Unis-cité est un réseau associatif qui
défend l’idée d’un service
civil de solidarité sur la base du volontariat.
Des jeunes de 18 à 25 ans s’engagent à
temps plein sur des périodes de 6 à 9
mois pour effectuer en équipe de 7 des actions
sociales et environnementales. Unis-Cité propose
une manière innovante de s’engager pour
changer à son échelle la société.
En tant que Coordinateur National du Programme de Volontariat
Lutte contre l’Exclusion, je pilote un programme
expérimental de 6 mois, dans 5 régions
afin de montrer concrètement la pertinence du
service civil de solidarité. Ce programme est
soutenu par des acteurs tant publics que privés.
L’objectif de ce projet est d’évaluer
l'impact social du service civil de solidarité
afin de mobiliser des partenaires (publics et privés)
pour le rendre accessible au plus grand nombre de jeunes.

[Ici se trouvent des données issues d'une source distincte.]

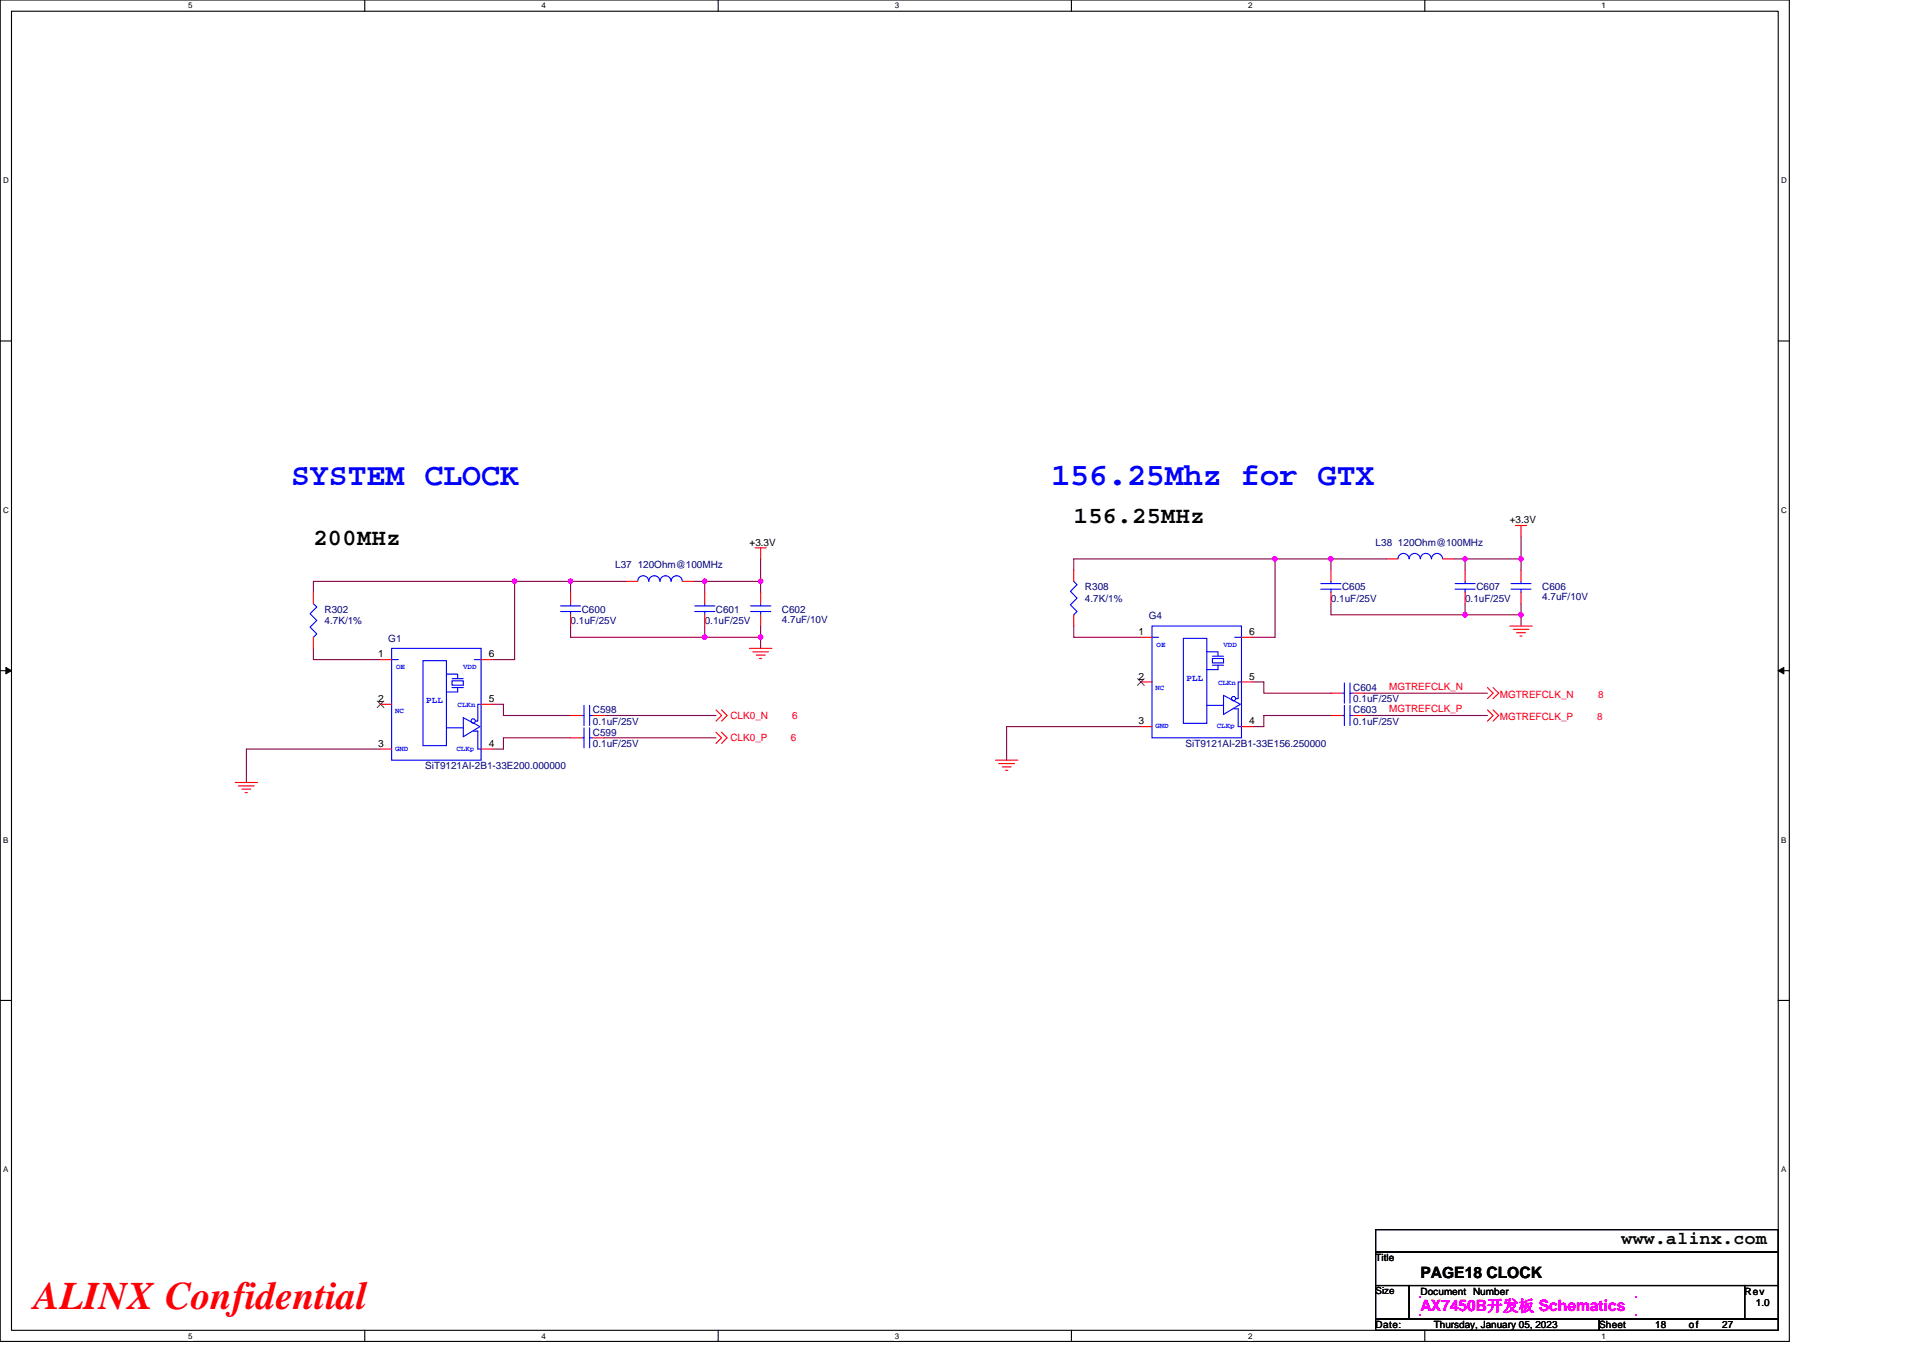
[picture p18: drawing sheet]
<svg xmlns="http://www.w3.org/2000/svg" width="297mm" height="210mm" viewBox="0 0 297 210" stroke-linecap="round" stroke-linejoin="round" font-family="sans-serif">
<defs><g id="words">
<text font-size="6" fill="#f00" x="5.2" y="202.3">ALINX Confidential</text>
<g font-size="4.9" fill="#00f">
<text x="45" y="74.9">SYSTEM CLOCK</text>
<text x="162.4" y="74.9">156.25Mhz for GTX</text>
</g>
<g font-size="3.6">
<text x="165.9" y="80.8">156.25MHz</text>
<text x="48.4" y="84.2">200MHz</text>
</g>
<text font-size="2.8" x="250.5" y="192.3">www.alinx.com</text>
<text font-size="2.4" x="219.4" y="197.4">PAGE18 CLOCK</text>
<text font-size="2.4" fill="#f0f" x="219.4" y="202.6">AX7450B开发板 Schematics</text>
<g font-size="1.5">
<text x="233.2" y="80.9">+3.3V</text>
<text x="115.8" y="84.3">+3.3V</text>
<text x="58.4" y="101.6">1</text>
<text x="75.5" y="101.6">6</text>
<text x="175.8" y="98.1">1</text>
<text x="193" y="98.1">6</text>
<text x="175.8" y="105">2</text>
<text x="193" y="105">5</text>
<text x="58.4" y="108.5">2</text>
<text x="75.5" y="108.5">5</text>
<text x="175.8" y="111.9">3</text>
<text x="193" y="111.9">4</text>
<text x="58.4" y="115.4">3</text>
<text x="75.5" y="115.4">4</text>
<text x="212.5" y="194.9">Title</text>
<text x="212.5" y="200">Size</text>
<text x="219.4" y="200">Document Number</text>
<text x="269.5" y="200">Rev</text>
<text x="271.2" y="201.8">1.0</text>
<text x="212.5" y="205.2">Date:</text>
<text x="221.5" y="205.2">Thursday, January 05, 2023</text>
<text x="247" y="205.2">Sheet</text>
<text x="255.7" y="205.2">18</text>
<text x="260.9" y="205.2">of</text>
<text x="266" y="205.2">27</text>
</g>
<g font-size="1.5" fill="#000080">
<text x="95" y="87.8">L37 120Ohm@100MHz</text>
<text x="212.5" y="84.3">L38 120Ohm@100MHz</text>
<text x="50.1" y="94.7">R302</text>
<text x="89.9" y="94.7">C600</text>
<text x="110.6" y="94.7">C601</text>
<text x="120.8" y="94.7">C602</text>
<text x="167.6" y="91.2">R308</text>
<text x="167.6" y="92.9">4.7K/1%</text>
<text x="177.4" y="95.7">G4</text>
<text x="205.6" y="92.9">0.1uF/25V</text>
<text x="207.3" y="91.2">C605</text>
<text x="226.3" y="92.9">0.1uF/25V</text>
<text x="228" y="91.2">C607</text>
<text x="238.2" y="91.2">C606</text>
<text x="238.2" y="92.8">4.7uF/10V</text>
<text x="50.1" y="96.4">4.7K/1%</text>
<text x="60" y="99.2">G1</text>
<text x="88.1" y="96.4">0.1uF/25V</text>
<text x="108.9" y="96.4">0.1uF/25V</text>
<text x="120.8" y="96.2">4.7uF/10V</text>
<text x="209" y="106.8">C604</text>
<text x="91.6" y="110.2">C598</text>
<text x="91.6" y="112">0.1uF/25V</text>
<text x="91.6" y="113.7">C599</text>
<text x="209" y="110.2">C603</text>
<text x="209" y="112">0.1uF/25V</text>
<text x="209" y="108.5">0.1uF/25V</text>
<text x="65.7" y="118.9">SiT9121AI-2B1-33E200.000000</text>
<text x="91.6" y="115.4">0.1uF/25V</text>
<text x="183.1" y="115.4">SiT9121AI-2B1-33E156.250000</text>
</g>
<g font-size="1.5" fill="#f00">
<text x="214.6" y="106.6">MGTREFCLK_N</text>
<text x="231.7" y="107.8">MGTREFCLK_N</text>
<text x="246.9" y="107.8">8</text>
<text x="112.8" y="111.1">CLK0_N</text>
<text x="122.3" y="111.1">6</text>
<text x="214.6" y="110">MGTREFCLK_P</text>
<text x="231.7" y="111.3">MGTREFCLK_P</text>
<text x="246.7" y="111.3">8</text>
<text x="112.8" y="114.5">CLK0_P</text>
<text x="122.2" y="114.5">6</text>
</g>
<g font-size="1.4" fill="#00f">
<text x="183.3" y="105.2">PLL</text>
<text x="65.8" y="108.6">PLL</text>
</g>
<g font-size="1.2">
<text x="29.1" y="1.3">5</text>
<text x="83.6" y="1.3">4</text>
<text x="138.2" y="1.3">3</text>
<text x="192.8" y="1.3">2</text>
<text x="247.4" y="1.3">1</text>
<text x=".5" y="28.3">D</text>
<text x="275.1" y="28.3">D</text>
<text x=".5" y="79.2">C</text>
<text x="275.1" y="79.2">C</text>
<text x=".5" y="130.2">B</text>
<text x="275.1" y="130.2">B</text>
<text x=".5" y="181.1">A</text>
<text x="275.1" y="181.1">A</text>
<text x="29.1" y="206.8">5</text>
<text x="83.6" y="206.8">4</text>
<text x="138.2" y="206.8">3</text>
<text x="192.8" y="206.8">2</text>
<text x="247.4" y="206.8">1</text>
</g>
<g font-size="1.1" fill="#00f">
<text x="178.6" y="99.9">OE</text>
<text x="189" y="99.9">VDD</text>
<text x="61.2" y="103.4">OE</text>
<text x="71.6" y="103.4">VDD</text>
<text x="178.5" y="106.6">NC</text>
<text x="188.1" y="105.8">CLKn</text>
<text x="61" y="110.1">NC</text>
<text x="70.7" y="109.2">CLKn</text>
<text x="178.5" y="112.5">GND</text>
<text x="188" y="112.5">CLKp</text>
<text x="61" y="116">GND</text>
<text x="70.5" y="116">CLKp</text>
</g>
</g></defs>
<path d="M0 0h276.4v207.3h-276.4zM1.8 1.7h272.9v203.8h-272.9z" fill="none" stroke="#000" stroke-width=".17"/>
<g fill="#fff">
<path d="M29.1 .2h.6v1.4h-.6z"/>
<path d="M29.1 205.7h.6v1.4h-.6z"/>
</g>
<path d="M56.3 0v1.7M56.3 205.5v1.8" fill="none" stroke="#000" stroke-width=".17"/>
<g fill="#fff">
<path d="M83.6 .2h.7v1.4h-.7z"/>
<path d="M83.6 205.7h.7v1.4h-.7z"/>
</g>
<path d="M110.9 0v1.7M110.9 205.5v1.8" fill="none" stroke="#000" stroke-width=".17"/>
<g fill="#fff">
<path d="M138.2 .2h.7v1.4h-.7z"/>
<path d="M138.2 205.7h.7v1.4h-.7z"/>
</g>
<path d="M165.5 0v1.7M165.5 205.5v1.8" fill="none" stroke="#000" stroke-width=".17"/>
<g fill="#fff">
<path d="M192.8 .2h.6v1.4h-.6z"/>
<path d="M192.8 205.7h.6v1.4h-.6z"/>
</g>
<path d="M220.1 0v1.7M220.1 205.5v1.8" fill="none" stroke="#000" stroke-width=".17"/>
<g fill="#fff">
<path d="M247.4 .2h.6v1.4h-.6z"/>
<path d="M247.4 205.7h.6v1.4h-.6z"/>
<path d="M.5 27.2h.8v1.4h-.8z"/>
<path d="M275.1 27.2h.9v1.4h-.9z"/>
<path d="M.5 78.1h.8v1.4h-.8z"/>
<path d="M275.1 78.1h.9v1.4h-.9z"/>
</g>
<path d="M0 52.7h1.8M274.7 52.7h1.7" fill="none" stroke="#000" stroke-width=".17"/>
<g fill="#fff">
<path d="M.5 129.1h.8v1.4h-.8z"/>
<path d="M275.1 129.1h.8v1.4h-.8z"/>
</g>
<path d="M0 103.6h1.8M274.7 103.6h1.7" fill="none" stroke="#000" stroke-width=".17"/>
<path d="M.9 103.1l.9 .5-.9 .5zM274.7 103.6l.8-.5v1z" fill="#000" stroke="#000" stroke-width=".15"/>
<g fill="#fff">
<path d="M.5 180h.8v1.4h-.8z"/>
<path d="M275.1 180h.8v1.4h-.8z"/>
</g>
<path d="M0 154.6h1.8M274.7 154.6h1.7M212.5 190h62.2v3.5h-62.2zM212.5 193.5h62.2v5.1h-62.2zM212.5 198.6h5.2v5.2h-5.2zM217.7 198.6h51.8v5.2h-51.8zM269.5 198.6h5.2v5.2h-5.2zM212.5 203.8h34.5v1.7h-34.5zM247 203.8h27.7v1.7h-27.7z" fill="none" stroke="#000" stroke-width=".17"/>
<g fill="none" stroke="#800040" stroke-width=".17">
<path d="M79.5 89.8h8.6M79.5 89.8v12.1h-3.5M79.5 89.8h-31.1v1.7M88.1 96.7v1.8h20.8M88.1 89.8v1.7M88.1 89.8h8.7M107.1 89.8h1.8M108.9 89.8h8.6v1.7M108.9 89.8v1.7M108.9 96.7v1.8h8.6M117.5 86.4v3.4M117.5 96.7v1.8"/>
<path d="M117.5 98.5v1.7M165.9 96.7v1.8h10.3M197 86.4h8.6M197 86.4v12.1h-3.5M197 86.4h-31.1v1.7M205.6 86.4h8.6M205.6 86.4v1.7M205.6 93.3v1.7h20.7M224.6 86.4h1.7M226.3 86.4h8.6M226.3 95h8.6M226.3 86.4v1.7"/>
<path d="M226.3 93.3v1.7M234.9 82.9v3.5M234.9 93.3v1.7M234.9 95v1.7M234.9 86.4v1.7M48.4 100.2v1.7h10.4M58.8 115.7h-20.7v5.2M76 108.8h1.8v1.8h10.3M88.1 114h-10.3v1.7h-1.8M93.3 114h17.3M93.3 110.6h17.3M176.2 112.3h-20.7v5.2"/>
<path d="M193.5 105.4h1.7v1.7h10.4M205.6 110.6h-10.4v1.7h-1.7M210.8 107.1h19M210.8 110.6h19"/>
</g>
<g fill="#f0f" stroke="#f0f" stroke-width=".17">
<circle cx="117.5" cy="89.8" r=".34"/>
<circle cx="108.9" cy="89.8" r=".34"/>
<circle cx="117.5" cy="98.4" r=".34"/>
<circle cx="108.9" cy="98.4" r=".34"/>
<circle cx="88.1" cy="89.8" r=".34"/>
<circle cx="79.5" cy="89.8" r=".34"/>
<circle cx="234.9" cy="86.4" r=".34"/>
<circle cx="234.9" cy="95" r=".34"/>
<circle cx="205.6" cy="86.4" r=".34"/>
<circle cx="226.3" cy="95" r=".34"/>
<circle cx="196.9" cy="86.4" r=".34"/>
<circle cx="226.3" cy="86.4" r=".34"/>
</g>
<g fill="none" stroke="#f00" stroke-width=".17">
<path d="M116.6 84.6h1.8M117.5 84.6v1.8M233.2 96.7h3.5M233.7 97.2h2.5M234.1 81.2h1.7M234.2 97.8h1.4M234.8 98.3h.3M234.9 81.2v1.7M110.6 113.1l.9 .9-.9 .9M110.6 109.7l.9 .9-.9 .8M111.5 113.1l.8 .9-.8 .9M111.5 109.7l.8 .9-.8 .8"/>
<path d="M115.8 100.2h3.4M116.3 100.7h2.4M116.8 101.2h1.4M117.3 101.7h.4M153.8 117.5h3.4M154.3 118h2.4M154.8 118.5h1.4M155.3 119h.4M229.8 109.7l.8 .9-.8 .8M229.8 106.2l.8 .9-.8 .9M230.6 109.7l.9 .9-.9 .8M230.6 106.2l.9 .9-.9 .9"/>
<path d="M36.3 120.9h3.5M36.8 121.4h2.5M37.4 121.9h1.3M37.9 122.5h.3"/>
</g>
<g fill="#f0f">
<path d="M219.3 200.3h.2v.1h-.2z"/>
<path d="M252.6 200.3h.2v.1h-.2z"/>
<path d="M252.6 203.1h.2v.1h-.2z"/>
<path d="M219.3 203.1h.2v.1h-.2z"/>
</g>
<path d="M212.5 190h62.2v3.5h-62.2zM212.5 193.5h62.2v5.1h-62.2zM212.5 198.6h5.2v5.2h-5.2zM217.7 198.6h51.8v5.2h-51.8zM269.5 198.6h5.2v5.2h-5.2zM212.5 203.8h34.5v1.7h-34.5zM247 203.8h27.7v1.7h-27.7z" fill="none" stroke="#000" stroke-width=".17"/>
<g fill="#f0f">
<path d="M219.3 200.3h.2v.1h-.2z"/>
<path d="M252.6 200.3h.2v.1h-.2z"/>
<path d="M252.6 203.1h.2v.1h-.2z"/>
<path d="M219.3 203.1h.2v.1h-.2z"/>
</g>
<path d="M212.5 190h62.2v3.5h-62.2zM212.5 193.5h62.2v5.1h-62.2zM212.5 198.6h5.2v5.2h-5.2zM217.7 198.6h51.8v5.2h-51.8zM269.5 198.6h5.2v5.2h-5.2zM212.5 203.8h34.5v1.7h-34.5zM247 203.8h27.7v1.7h-27.7z" fill="none" stroke="#000" stroke-width=".17"/>
<g fill="#f0f">
<path d="M219.3 200.3h.2v.1h-.2z"/>
<path d="M252.6 200.3h.2v.1h-.2z"/>
<path d="M252.6 203.1h.2v.1h-.2z"/>
<path d="M219.3 203.1h.2v.1h-.2z"/>
</g>
<g fill="none" stroke="#00f" stroke-width=".17">
<path d="M48.4 93.3l.5 .5-1 1 1 1.1-1 1 1 1-.5 .6M86.6 94.5h3.1M86.6 93.6h3.1M88.1 93.3v.3M88.1 94.5v.5M103.6 89.8a.86 .86 0 0 0-.8-.8 .86 .86 0 0 0-.9 .8 .87 .87 0 0 0-.8-.8 .87 .87 0 0 0-.9 .8 .85 .85 0 0 0-.8-.8 .85 .85 0 0 0-.9 .8M105.4 89.8a.86 .86 0 0 0-.9-.8 .86 .86 0 0 0-.8 .8M107.3 94.5h3.1M107.3 93.6h3.1M108.9 93.3v.3M108.9 94.5v.5M115.9 94.5h3.2"/>
<path d="M115.9 93.6h3.2M117.5 93.3v.3M117.5 94.5v.5M165.9 89.8l.5 .5-1 1.1 1 1-1 1.1 1 1-.5 .5M177.9 98.5h1.1M177.9 96.7h13.9v17.3h-13.9zM182.8 98.6h3.6v13.2h-3.6zM190.7 98.5h1.1M204 91h3.1M204 90.2h3.1M205.6 89.8v.4M205.6 91v.5"/>
<path d="M217.7 86.3a.86 .86 0 0 0-.9-.8 .86 .86 0 0 0-.9 .8M219.4 86.3a.86 .86 0 0 0-.9-.8 .86 .86 0 0 0-.8 .8M222.8 86.3a.87 .87 0 0 0-.8-.8 .87 .87 0 0 0-.9 .8 .85 .85 0 0 0-.8-.8 .85 .85 0 0 0-.9 .8M224.8 91h3.1M224.8 90.2h3.1M226.3 89.8v.4M226.3 91v.5M233.4 91h3.1M233.4 90.2h3.1M234.9 89.8v.4M234.9 91v.5M60.5 101.9h1"/>
<path d="M60.5 100.2h13.8v17.3h-13.8zM65.3 102.1h3.7v13.1h-3.7zM69 104.2h1.7v.7M69 112.5h2.6M69.8 105.2h1.8v.7h-1.8zM69.8 104.9h1.8M69.8 106.2h1.8M70.7 106.2v.7h-1.7M71.6 110.9l2.5 1.4-2.5 1.5zM73.1 113h.7v2.7h.5M73.3 101.9h1M74.3 108.8h-.5v2.6h-.4"/>
<path d="M89.9 110.6h.3M89.9 114h.3M90.2 109v3.1M90.2 112.5v3M91.1 109v3.1M91.1 112.5v3M91.1 110.6h.5M91.1 114h.5M186.4 100.7h1.7v.7M186.4 109h2.6M187.3 101.7h1.7v.7h-1.7zM187.3 101.4h1.7"/>
<path d="M187.3 102.8h1.7M188.1 102.8v.7h-1.7M189 107.4l2.6 1.4-2.6 1.6zM190.6 109.5h.7v2.8h.5M191.8 105.4h-.5v2.5h-.4M207.3 110.6h.4M207.3 107.1h.4M207.7 109v3.1M207.7 105.5v3.1M208.5 109v3.1M208.5 105.5v3.1M208.5 110.6h.5"/>
<path d="M208.5 107.1h.5"/>
<circle cx="73.1" cy="111.4" r=".34"/>
<circle cx="190.5" cy="107.9" r=".34"/>
</g>
<g fill="none" stroke="#f00" stroke-width=".17">
<path d="M48.4 91.5v1.8M48.4 98.5v1.7M88.1 91.5v1.8M88.1 95v1.7M96.8 89.8h1.7M105.4 89.8h1.7M108.9 91.5v1.8M108.9 95v1.7M117.5 91.5v1.8M117.5 95v1.7M165.9 88.1v1.7M165.9 95v1.7"/>
<path d="M176.2 98.5h1.7M191.8 98.5h1.7M205.6 88.1v1.7M205.6 91.5v1.8M214.2 86.4h1.7M222.9 86.4h1.7M226.3 88.1v1.7M226.3 91.5v1.8M234.9 88.1v1.7M234.9 91.5v1.8M58.8 101.9h1.7M58.8 108.8h1.7"/>
<path d="M58.8 115.7h1.7M74.3 115.7h1.7M74.3 108.8h1.7M74.3 101.9h1.7M88.1 110.6h1.8M88.1 114h1.8M91.6 110.6h1.7M91.6 114h1.7M176.2 105.4h1.7M176.2 112.3h1.7M191.8 112.3h1.7M191.8 105.4h1.7"/>
<path d="M205.6 110.6h1.7M205.6 107.1h1.7M209 110.6h1.8M209 107.1h1.8"/>
</g>
<path d="M58.3 108.3l1 1M59.3 108.3l-1.1 1M175.7 104.9l1.1 1M176.7 104.9l-1 1" fill="none" stroke="#804000" stroke-width=".15"/>
<g fill="#f0f" stroke="#f0f" stroke-width=".17">
<circle cx="117.5" cy="89.8" r=".34"/>
<circle cx="108.9" cy="89.8" r=".34"/>
<circle cx="117.5" cy="98.4" r=".34"/>
<circle cx="108.9" cy="98.4" r=".34"/>
<circle cx="88.1" cy="89.8" r=".34"/>
<circle cx="79.5" cy="89.8" r=".34"/>
<circle cx="234.9" cy="86.4" r=".34"/>
<circle cx="234.9" cy="95" r=".34"/>
<circle cx="205.6" cy="86.4" r=".34"/>
<circle cx="226.3" cy="95" r=".34"/>
<circle cx="196.9" cy="86.4" r=".34"/>
<circle cx="226.3" cy="86.4" r=".34"/>
</g>
<use href="#words"/>
</svg>

J’occupe aussi le poste de Directeur du Développement
d’Unis-Cité. Mon rôle est de proposer
aux entreprises des manières innovantes et solidaires
de mobiliser leurs salariés sur ce programme
de service civil. Un club des entreprises leader du
service civil est en train de se constituer autour de
nos partenaires historiques. "
S'agit-il selon vous d'un nouveau métier
ou d'une nouvelle façon d'exercer un métier
traditionnel ? Et en quoi contribue-t-il, à vos
yeux, à créer une valeur ajoutée
sociale ou environnementale ?
"Unis-cité
est un projet plein. Il rassemble les acteurs publics
(Europe, Etat, collectivités locales) et privés
(entreprises, individus) autour d’une cause commune
: la solidarité. Cette solidarité, c’est
celle des jeunes de 18 à 25 ans qui s’engagent
en équipe dans des actions sociales et environnementales
: réhabiliter des logements sociaux, animer une
maison de retraite, travailler main dans la main avec
des publics en insertion, …
C’est un métier nouveau parce qu’il
est au centre des questions de sociétés,
mettant autour de la table l’ensemble des acteurs
de la société civile (monde politique,
associations, entreprises, …)."
Pourquoi avez-vous choisi cet emploi ?
"Parce que
j’ai compris que l’envie et le sens sont
mes carburants, j’ai choisi de m’engager
pour apporter ma pierre à la construction d’une
vision de la société portée par
Unis-Cité. Je suis convaincu que nous avons une
grande capacité à changer notre environnement
et notre regard sur le monde actuel. Etant donné
qu’il nous est possible de le faire, nous en sommes
responsables, ensemble. Si certains sociologues affirment
: "On a les opinions de sa condition", les
africains pensent "qu’aucune condition n’est
permanente". C’est plutôt encourageant."
Quel a été votre parcours professionnel
et personnel pour arriver jusqu'à ce poste ?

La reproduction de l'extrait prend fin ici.